So that’s our first idiom today: let’s put our heads together and try to find the solution. Let’s share ideas and thoughts; maybe something you say will spark an idea in someone else. Let’s get together and discuss the problem, let’s put our heads together and see if we can figure this out.
In theory, many meetings are carried out in companies with the purpose of having a few people put their heads together to figure something out. That’s useful when you’re working on any kind of team assignment, be it a work assignment or a school assignment. The team leader could call a meeting anytime and say “We’ve hit a roadblock and it would be great to get everybody’s contribution on the issue. Let’s put our heads together and see what we can come up with.”
If you work for a company, have you ever been in a meeting like that? A meeting for all the participants to put their heads together and try to solve a problem, find a solution, figure something out. Please let us know when that happened in the comments…
Now here’s another very popular idiom with the word HEAD… When someone has a good head on their shoulders – well, I think you can guess the meaning.
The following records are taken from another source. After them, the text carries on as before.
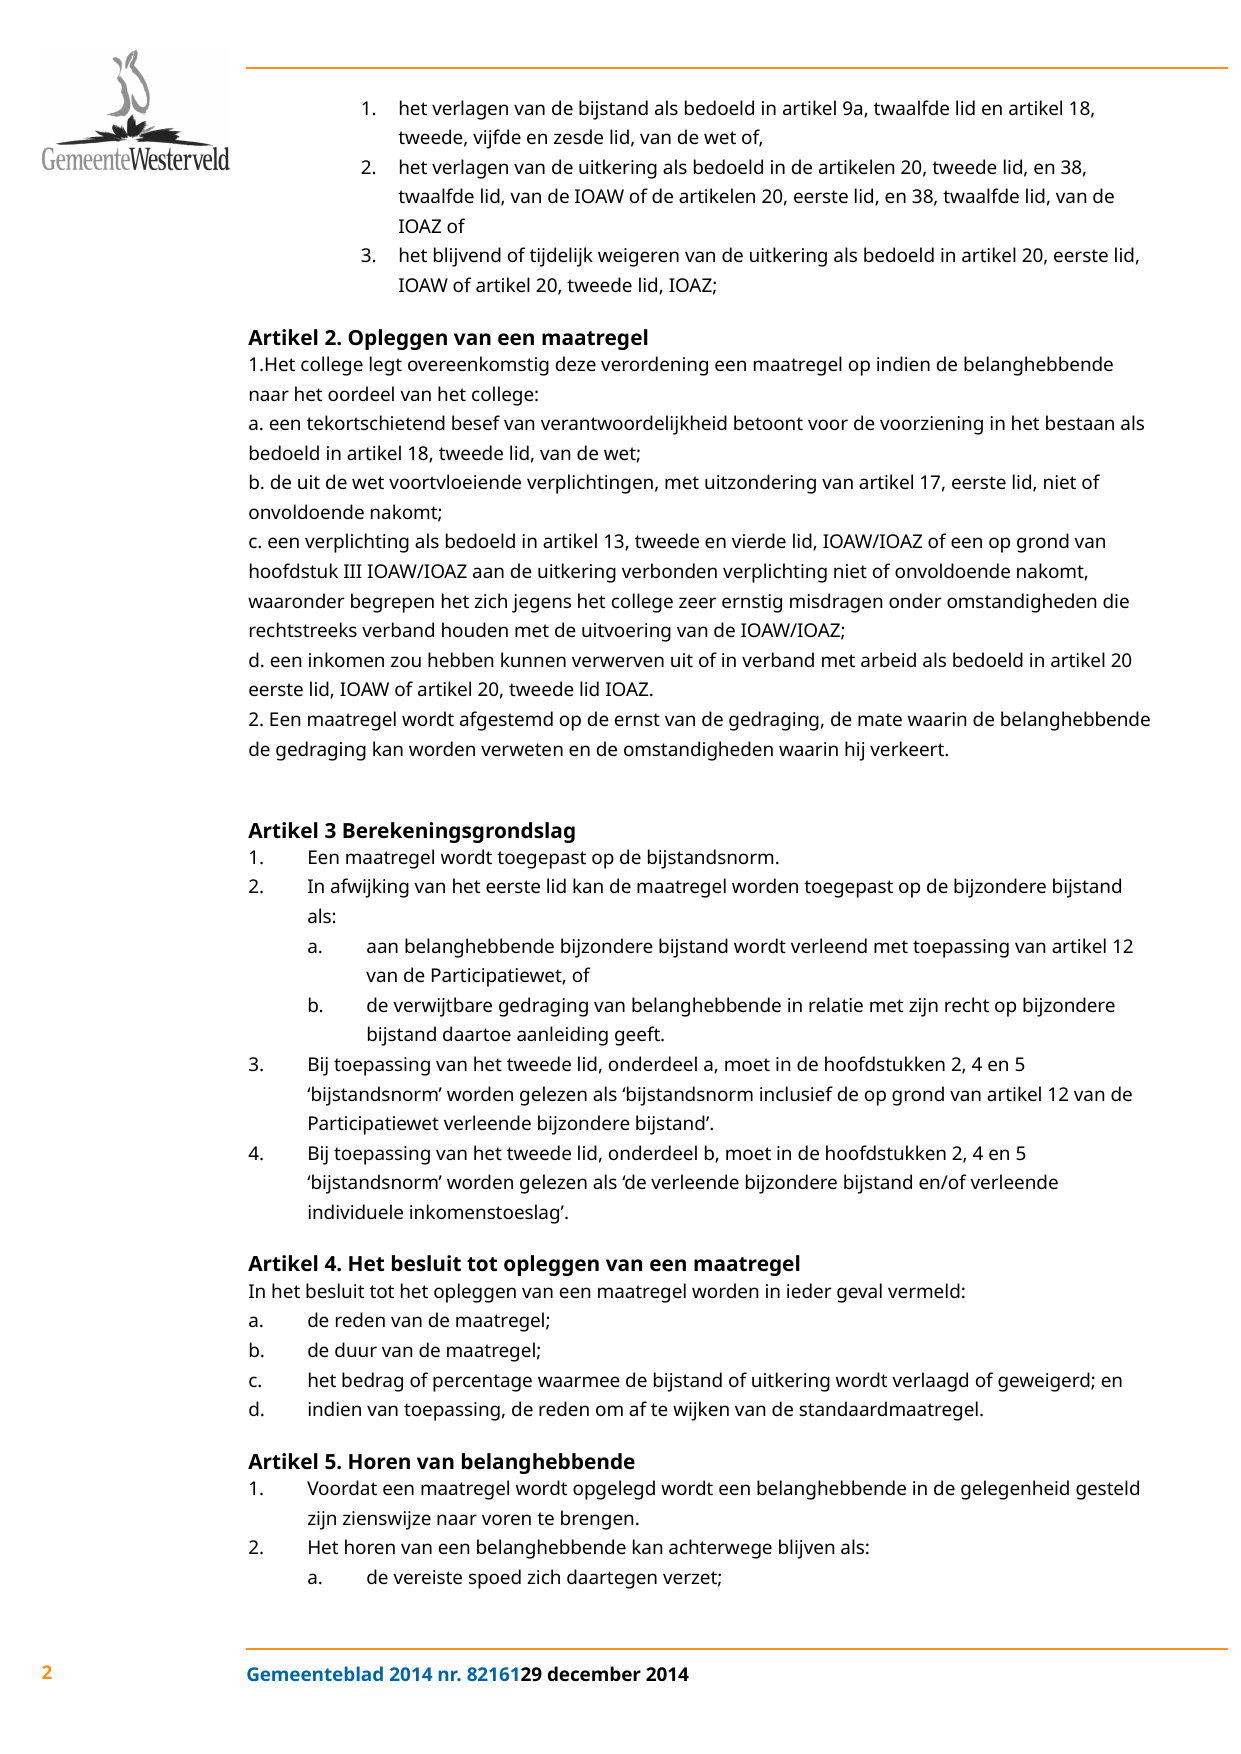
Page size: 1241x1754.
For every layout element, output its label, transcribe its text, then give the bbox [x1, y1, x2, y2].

list Bij toepassing van het tweede lid, onderdeel b, moet in de hoofdstukken 2, 4 en 5 ‘bijstandsnorm’ worden gelezen als ‘de verleende bijzondere bijstand en/of verleende individuele inkomenstoeslag’. [248, 1140, 1152, 1225]
list de vereiste spoed zich daartegen verzet; [307, 1564, 1152, 1590]
list de reden van de maatregel; [248, 1308, 1152, 1333]
list de duur van de maatregel; [248, 1337, 1152, 1363]
text Artikel 2. Opleggen van een maatregel [248, 323, 1152, 351]
list Een maatregel wordt toegepast op de bijstandsnorm. [248, 844, 1152, 870]
picture [41, 47, 231, 172]
text c. een verplichting als bedoeld in artikel 13, tweede en vierde lid, IOAW/IOAZ of een op grond van hoofdstuk III IOAW/IOAZ aan de uitkering verbonden verplichting niet of onvoldoende nakomt, waaronder begrepen het zich jegens het college zeer ernstig misdragen onder omstandigheden die rechtstreeks verband houden met de uitvoering van de IOAW/IOAZ; [248, 529, 1152, 643]
text Artikel 4. Het besluit tot opleggen van een maatregel [248, 1249, 1152, 1278]
list de verwijtbare gedraging van belanghebbende in relatie met zijn recht op bijzondere bijstand daartoe aanleiding geeft. [307, 992, 1152, 1047]
text 2. Een maatregel wordt afgestemd op de ernst van de gedraging, de mate waarin de belanghebbende de gedraging kan worden verweten en de omstandigheden waarin hij verkeert. [248, 706, 1152, 761]
list Bij toepassing van het tweede lid, onderdeel a, moet in de hoofdstukken 2, 4 en 5 ‘bijstandsnorm’ worden gelezen als ‘bijstandsnorm inclusief de op grond van artikel 12 van de Participatiewet verleende bijzondere bijstand’. [248, 1051, 1152, 1136]
text Artikel 5. Horen van belanghebbende [248, 1447, 1152, 1475]
list In afwijking van het eerste lid kan de maatregel worden toegepast op de bijzondere bijstand als: [248, 874, 1152, 929]
list Het horen van een belanghebbende kan achterwege blijven als: [248, 1534, 1152, 1560]
text 1.Het college legt overeenkomstig deze verordening een maatregel op indien de belanghebbende naar het oordeel van het college: [248, 351, 1152, 406]
list het verlagen van de uitkering als bedoeld in de artikelen 20, tweede lid, en 38, twaalfde lid, van de IOAW of de artikelen 20, eerste lid, en 38, twaalfde lid, van de IOAZ of [361, 154, 1152, 239]
list het bedrag of percentage waarmee de bijstand of uitkering wordt verlaagd of geweigerd; en [248, 1367, 1152, 1392]
text d. een inkomen zou hebben kunnen verwerven uit of in verband met arbeid als bedoeld in artikel 20 eerste lid, IOAW of artikel 20, tweede lid IOAZ. [248, 647, 1152, 702]
list het verlagen van de bijstand als bedoeld in artikel 9a, twaalfde lid en artikel 18, tweede, vijfde en zesde lid, van de wet of, [361, 95, 1152, 150]
list aan belanghebbende bijzondere bijstand wordt verleend met toepassing van artikel 12 van de Participatiewet, of [307, 933, 1152, 988]
text In het besluit tot het opleggen van een maatregel worden in ieder geval vermeld: [248, 1278, 1152, 1304]
list het blijvend of tijdelijk weigeren van de uitkering als bedoeld in artikel 20, eerste lid, IOAW of artikel 20, tweede lid, IOAZ; [361, 243, 1152, 298]
text Artikel 3 Berekeningsgrondslag [248, 816, 1152, 844]
text a. een tekortschietend besef van verantwoordelijkheid betoont voor de voorziening in het bestaan als bedoeld in artikel 18, tweede lid, van de wet; [248, 410, 1152, 466]
list Voordat een maatregel wordt opgelegd wordt een belanghebbende in de gelegenheid gesteld zijn zienswijze naar voren te brengen. [248, 1475, 1152, 1531]
list indien van toepassing, de reden om af te wijken van de standaardmaatregel. [248, 1396, 1152, 1422]
text b. de uit de wet voortvloeiende verplichtingen, met uitzondering van artikel 17, eerste lid, niet of onvoldoende nakomt; [248, 469, 1152, 525]

Someone has a good head on their shoulders – when we say a good head, that doesn’t mean “beautiful”, “big”, or anything like that. A good head here means a sensible head; someone with common sense and intelligence.
I have a recent real-life example for this one. I was telling my friend Carolina about someone I know… When I told Carolina one particular detail, she expressed concern that the third person might be a bit naive. So I told Carol “Don’t worry. She’s got a good head on her shoulders.” She’s sensible, she’s intelligent, she’s got common sense.
Sometimes we refer to other people in that way in Brazil. We all know someone who’s mature, sensible… It’s usually someone we trust and we think they are capable of taking care of themselves. Do you know anyone like that? Who are the people in your family or circle of friends that would fit this idiom? Can you say “My cousin so-and-so has a good head on his shoulders.” Or “My neighbour Maria has a good head on her shoulders. You don’t need to worry about her.” Who’s your example?
Let me know in the comments, and talk to you next time!
turn in the assignment = entregar o trabalho (para o professor)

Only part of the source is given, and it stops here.